I found it slightly disconcerting, though, how much time I spent thinking about her. I still looked at her status updates daily, trying to figure out whether or not I would be receiving a text from her on that particular night. I hadn’t mustered up the courage to initiate anything, because I didn’t want to seem presumptuous. I realized that it was absurd of me to think that way, but I was still a little worried that she might reject me if I were the one to suggest a rendezvous.

But it had been nearly a week since I had visited her the last time, and I was getting frustrated. On Friday after class, she’d simply told me to have a nice weekend and I hadn’t heard from her at all. Now it was Tuesday and I knew that I would see her soon. I couldn’t stop myself from wondering if she was getting bored with me and had decided to stop seeing me. I really hoped that wasn’t the case, because I’d never felt better than I had the week before, after I’d spent three wonderful nights in her company. I’d slept better and felt more energized than ever before, my tension evaporating completely.

Now it was back with a vengeance and I was completely wound up with uncertainty. My pent-up sexual frustration only added fuel to the fire. I knew I had to ask her if she was putting a stop to our arrangement, because not knowing was driving me up the wall. I waited nervously at the front of the class, hoping that she’d give me some sort of hint when she showed up—a look, a smile, anything to clue me in to what she was thinking, if this was the end for us. The thought made my insides churn.

A moment later, the door swung open and she breezed in, and my breath caught in my throat at the sight of her. Her usual bothersome attire had been replaced with something else—something far more appealing. She was wearing a plaid skirt that ended right above her knee and a white shirt buttoned all the way up, and her shapely calves were sheathed in white knee socks. Her outfit was entirely modest, showing off very little skin, and yet I’d never been so attracted to her. For once, she wasn’t wearing the smudgy makeup, which only made her more appealing, and she’d styled her hair in two braids. She looked like a schoolgirl, and while I didn’t understand why, I found it incredibly sexy. Somehow, I found the strength not to ogle her, and instead turned my attention to the rest of the class. All I saw were lusty expressions as the male students openly gawked at her.

Why would she wear that?! How am I supposed to teach an entire class when I don’t have a drop of blood left in my brain?

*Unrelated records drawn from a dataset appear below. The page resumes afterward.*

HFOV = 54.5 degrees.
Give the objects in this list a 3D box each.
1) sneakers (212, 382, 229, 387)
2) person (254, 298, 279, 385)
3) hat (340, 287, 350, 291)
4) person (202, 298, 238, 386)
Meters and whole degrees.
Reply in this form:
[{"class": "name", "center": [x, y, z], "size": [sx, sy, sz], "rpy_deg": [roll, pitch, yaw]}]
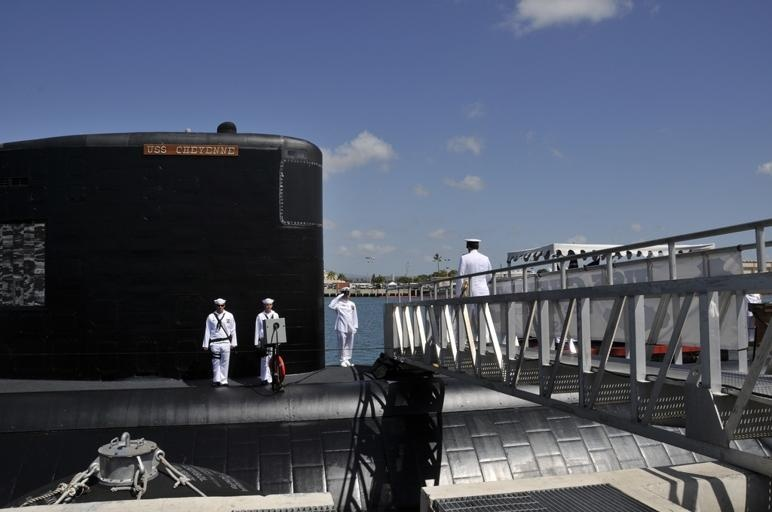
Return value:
[{"class": "sneakers", "center": [-2.851, 2.210, 12.925], "size": [0.306, 0.105, 0.094], "rpy_deg": [-3, -4, 16]}, {"class": "person", "center": [-2.028, 1.472, 12.903], "size": [0.434, 1.382, 0.725], "rpy_deg": [-2, 1, -13]}, {"class": "hat", "center": [-0.882, 0.722, 16.349], "size": [0.111, 0.050, 0.153], "rpy_deg": [-2, 0, -40]}, {"class": "person", "center": [-2.867, 1.468, 12.877], "size": [0.604, 1.425, 0.522], "rpy_deg": [-2, 1, -21]}]
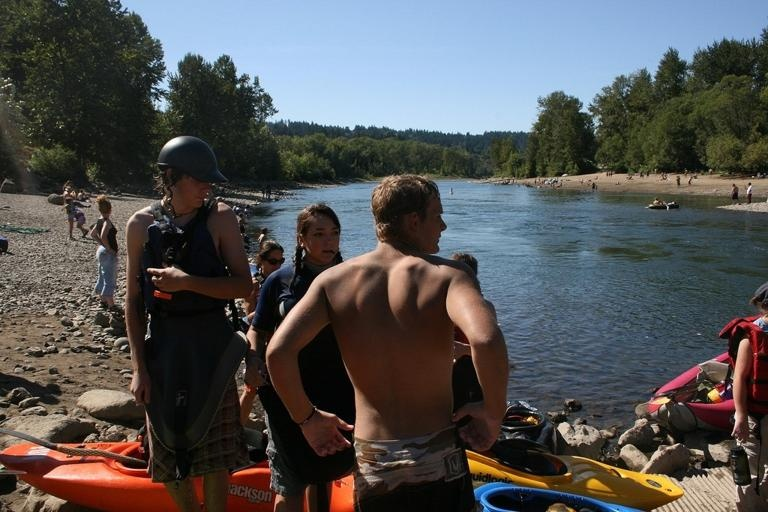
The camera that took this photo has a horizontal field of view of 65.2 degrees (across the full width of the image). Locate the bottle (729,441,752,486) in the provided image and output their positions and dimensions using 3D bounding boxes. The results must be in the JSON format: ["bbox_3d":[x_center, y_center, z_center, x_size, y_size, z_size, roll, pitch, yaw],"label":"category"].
[{"bbox_3d":[3.702,2.162,6.206,0.245,0.454,0.187,1,9,7],"label":"bottle"}]

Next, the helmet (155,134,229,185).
[{"bbox_3d":[-1.759,-0.863,5.573,0.605,0.319,0.443,10,8,6],"label":"helmet"}]
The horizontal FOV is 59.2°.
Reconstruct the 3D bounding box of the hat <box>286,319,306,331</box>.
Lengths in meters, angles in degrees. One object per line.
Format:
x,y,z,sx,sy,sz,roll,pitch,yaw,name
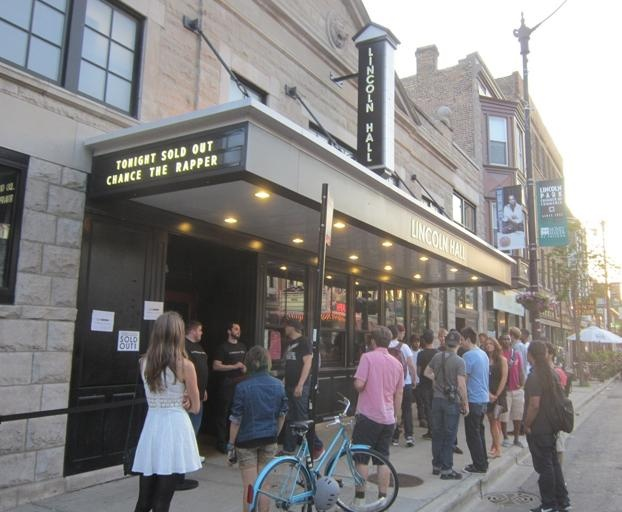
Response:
-0.257,1.066,8.468,0.191,0.230,0.163,-14,-17,38,hat

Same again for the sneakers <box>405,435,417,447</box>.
1.778,3.312,9.878,0.095,0.150,0.294,-2,-8,15,sneakers

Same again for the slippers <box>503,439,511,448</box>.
3.587,3.401,10.024,0.176,0.135,0.060,6,-6,-44,slippers

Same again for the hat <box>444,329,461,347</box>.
2.117,1.175,8.182,0.169,0.155,0.279,-2,22,18,hat

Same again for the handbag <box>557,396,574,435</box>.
3.104,1.930,6.653,0.139,0.416,0.277,1,-4,24,handbag

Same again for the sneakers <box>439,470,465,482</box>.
1.991,3.076,7.767,0.279,0.154,0.142,-2,-2,-2,sneakers

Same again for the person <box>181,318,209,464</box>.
-1.634,1.999,8.007,0.558,2.133,0.535,-2,5,-25,person

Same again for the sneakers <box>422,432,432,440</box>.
2.252,3.470,10.627,0.243,0.199,0.082,-4,-11,45,sneakers

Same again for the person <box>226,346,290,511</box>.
-0.561,1.797,5.830,0.616,1.661,0.304,3,-6,-11,person

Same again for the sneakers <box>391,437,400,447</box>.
1.536,3.350,9.919,0.073,0.100,0.211,-1,0,17,sneakers

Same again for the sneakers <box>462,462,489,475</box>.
2.425,3.095,8.074,0.306,0.155,0.142,-3,-6,15,sneakers

I stole another glance at her as she sauntered past me and took her usual seat in the front. Her outfit had effectively reduced the males in the room into drooling idiots, myself included. I met her eyes and she gave me a smile and one of her winks before I looked away again.

At least she doesn’t seem to be angry with me
.

Class began and I did my very best to keep my gaze from drifting toward her while the rest of the men in the room—and even a few women—failed miserably at that feat. I barely remembered half of what we discussed about Barry Hannah’s novel
Ray
until we came to his portrayal of women.

“I find it a little unrealistic that the main character has sexual relations with that many women,” a girl in the back said.

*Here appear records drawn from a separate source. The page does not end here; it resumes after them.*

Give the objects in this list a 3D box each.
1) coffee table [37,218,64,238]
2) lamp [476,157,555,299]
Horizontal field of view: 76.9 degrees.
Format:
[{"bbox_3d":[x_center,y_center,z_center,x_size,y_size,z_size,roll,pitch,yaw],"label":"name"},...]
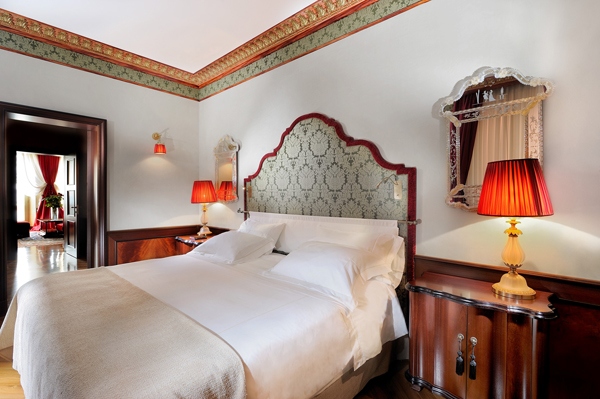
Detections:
[{"bbox_3d":[-6.782,0.792,10.343,0.523,0.336,0.530,1,1,-21],"label":"coffee table"},{"bbox_3d":[1.836,0.232,3.221,0.565,1.183,0.241,1,1,22],"label":"lamp"}]
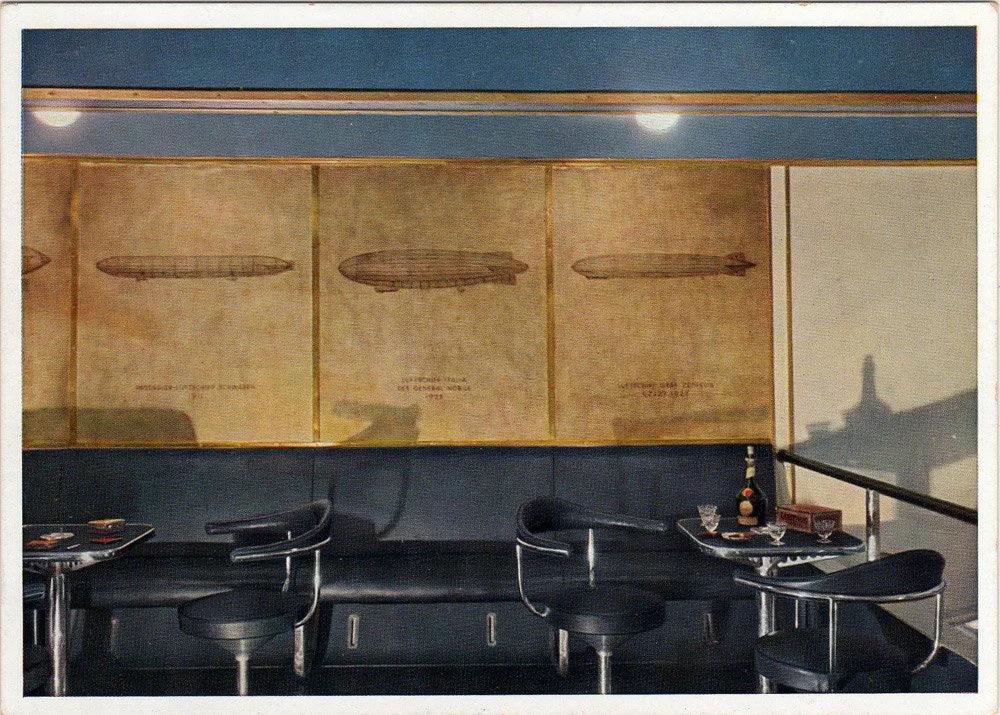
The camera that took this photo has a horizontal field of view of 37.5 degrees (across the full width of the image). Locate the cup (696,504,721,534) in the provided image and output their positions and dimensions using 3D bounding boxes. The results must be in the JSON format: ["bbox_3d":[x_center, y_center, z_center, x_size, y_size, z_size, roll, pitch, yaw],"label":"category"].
[{"bbox_3d":[0.759,0.587,5.326,0.114,0.089,0.091,-3,-2,-5],"label":"cup"}]

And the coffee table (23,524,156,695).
[{"bbox_3d":[-1.311,0.863,5.199,0.720,0.499,0.612,1,-3,-4],"label":"coffee table"}]

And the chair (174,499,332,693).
[{"bbox_3d":[-0.873,0.860,5.327,0.514,0.738,0.730,1,-31,-6],"label":"chair"}]

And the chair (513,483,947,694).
[{"bbox_3d":[0.830,0.823,5.176,1.436,0.838,0.712,-9,-32,11],"label":"chair"}]

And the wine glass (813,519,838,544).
[{"bbox_3d":[1.143,0.606,5.176,0.093,0.077,0.082,0,-8,-1],"label":"wine glass"}]

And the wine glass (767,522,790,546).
[{"bbox_3d":[0.990,0.620,5.196,0.085,0.049,0.062,0,1,-8],"label":"wine glass"}]
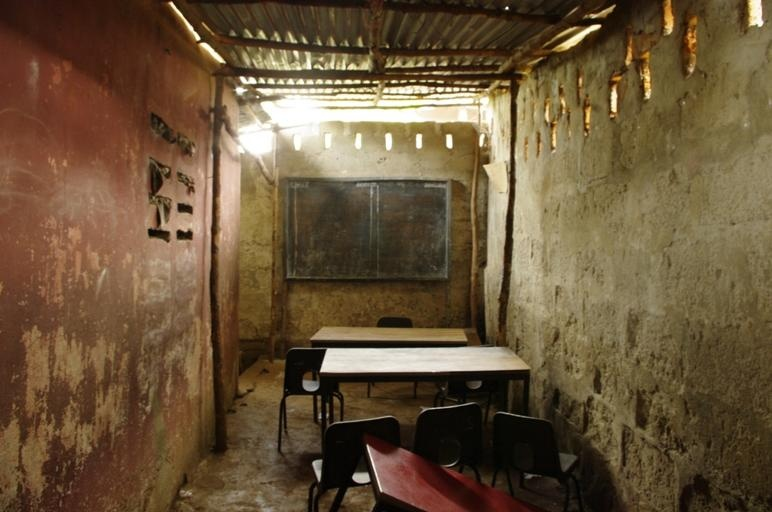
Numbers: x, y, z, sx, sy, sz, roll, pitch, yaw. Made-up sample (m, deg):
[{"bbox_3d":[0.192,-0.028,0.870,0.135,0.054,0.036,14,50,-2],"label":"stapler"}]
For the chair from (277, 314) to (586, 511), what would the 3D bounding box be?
[{"bbox_3d":[0.239,1.557,5.496,1.760,0.929,1.330,0,0,-1],"label":"chair"}]
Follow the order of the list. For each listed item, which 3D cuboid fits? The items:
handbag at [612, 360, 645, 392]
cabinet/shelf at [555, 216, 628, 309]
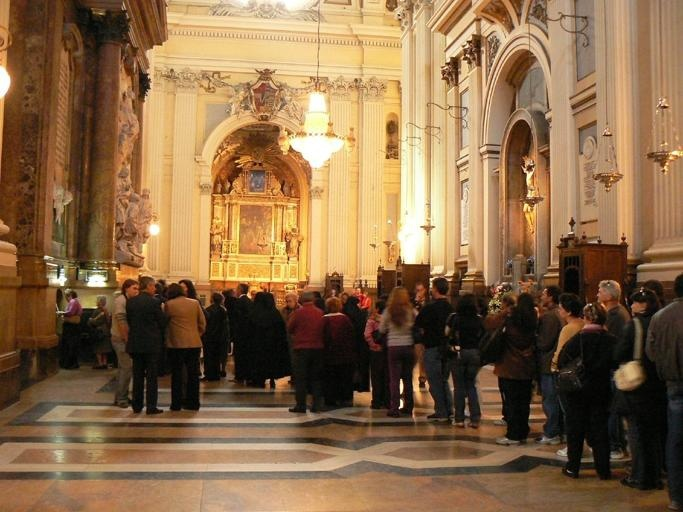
[{"bbox_3d":[2.768,1.145,6.599,0.256,0.286,0.141,-22,-20,38],"label":"handbag"},{"bbox_3d":[4.505,0.204,11.870,1.094,1.981,1.246,3,-5,-9],"label":"cabinet/shelf"}]
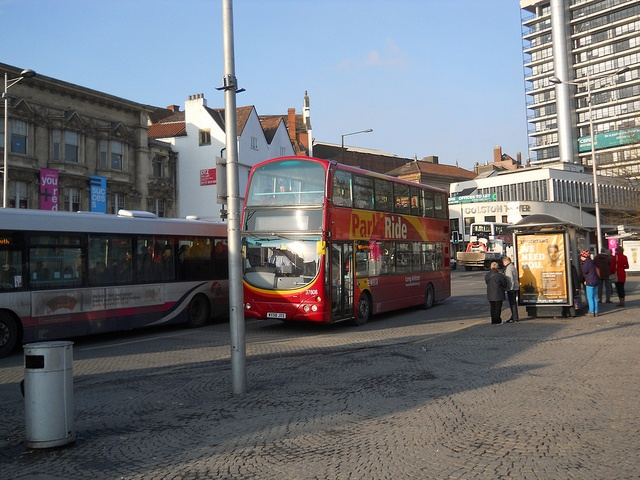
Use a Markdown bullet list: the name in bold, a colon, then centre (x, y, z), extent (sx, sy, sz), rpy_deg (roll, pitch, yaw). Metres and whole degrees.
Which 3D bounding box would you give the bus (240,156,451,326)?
- **bus**: centre (1.535, 0.101, 21.110), extent (2.962, 5.020, 9.978), rpy_deg (0, -1, 34)

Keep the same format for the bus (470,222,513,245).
- **bus**: centre (14.500, -0.530, 52.872), extent (4.286, 2.186, 1.555), rpy_deg (-4, 6, -45)

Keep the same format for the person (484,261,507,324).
- **person**: centre (5.073, 1.500, 17.791), extent (0.572, 1.335, 0.613), rpy_deg (-4, -2, 16)

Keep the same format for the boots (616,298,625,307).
- **boots**: centre (10.124, 2.086, 20.887), extent (0.211, 0.264, 0.431), rpy_deg (-4, -2, 24)
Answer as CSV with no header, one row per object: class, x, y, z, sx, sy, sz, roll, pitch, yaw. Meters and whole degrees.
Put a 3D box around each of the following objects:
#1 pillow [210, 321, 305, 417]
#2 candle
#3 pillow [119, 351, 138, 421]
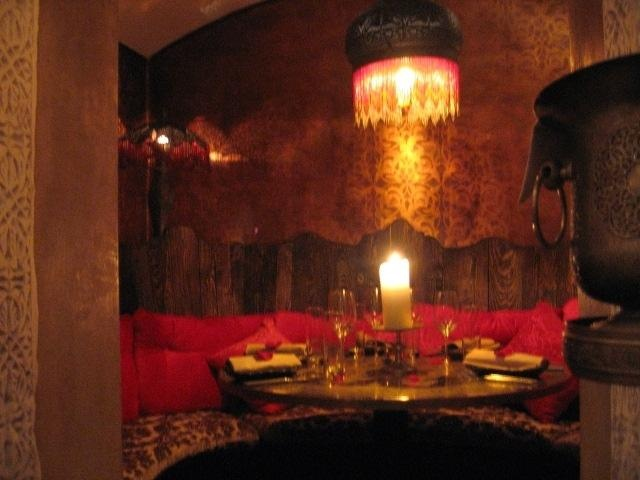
pillow,-0.268,0.503,2.840,0.344,0.122,0.390,-18,32,-7
candle,0.225,0.152,1.966,0.092,0.213,0.109,0,7,6
pillow,-0.746,0.580,2.631,0.057,0.205,0.223,-2,8,-16

“Can you elaborate?” I asked.

“Well, it seems like the women are just there for him to take and he doesn’t have to work for it at all.”

“That’s probably because they’re not really there at all,” Julia said without being called on. I sighed. Even though I shouldn’t condone this sort of behavior, she made an excellent point.

“What do you mean?” I asked.

She smiled and leaned forward, resting her chin on her folded hands. “Ray is clearly suffering from a mental disorder because of his experiences in the war. The novel contains all these paragraphs about him flying planes, and that’s obviously not the case since he’s a country doctor and not a pilot.”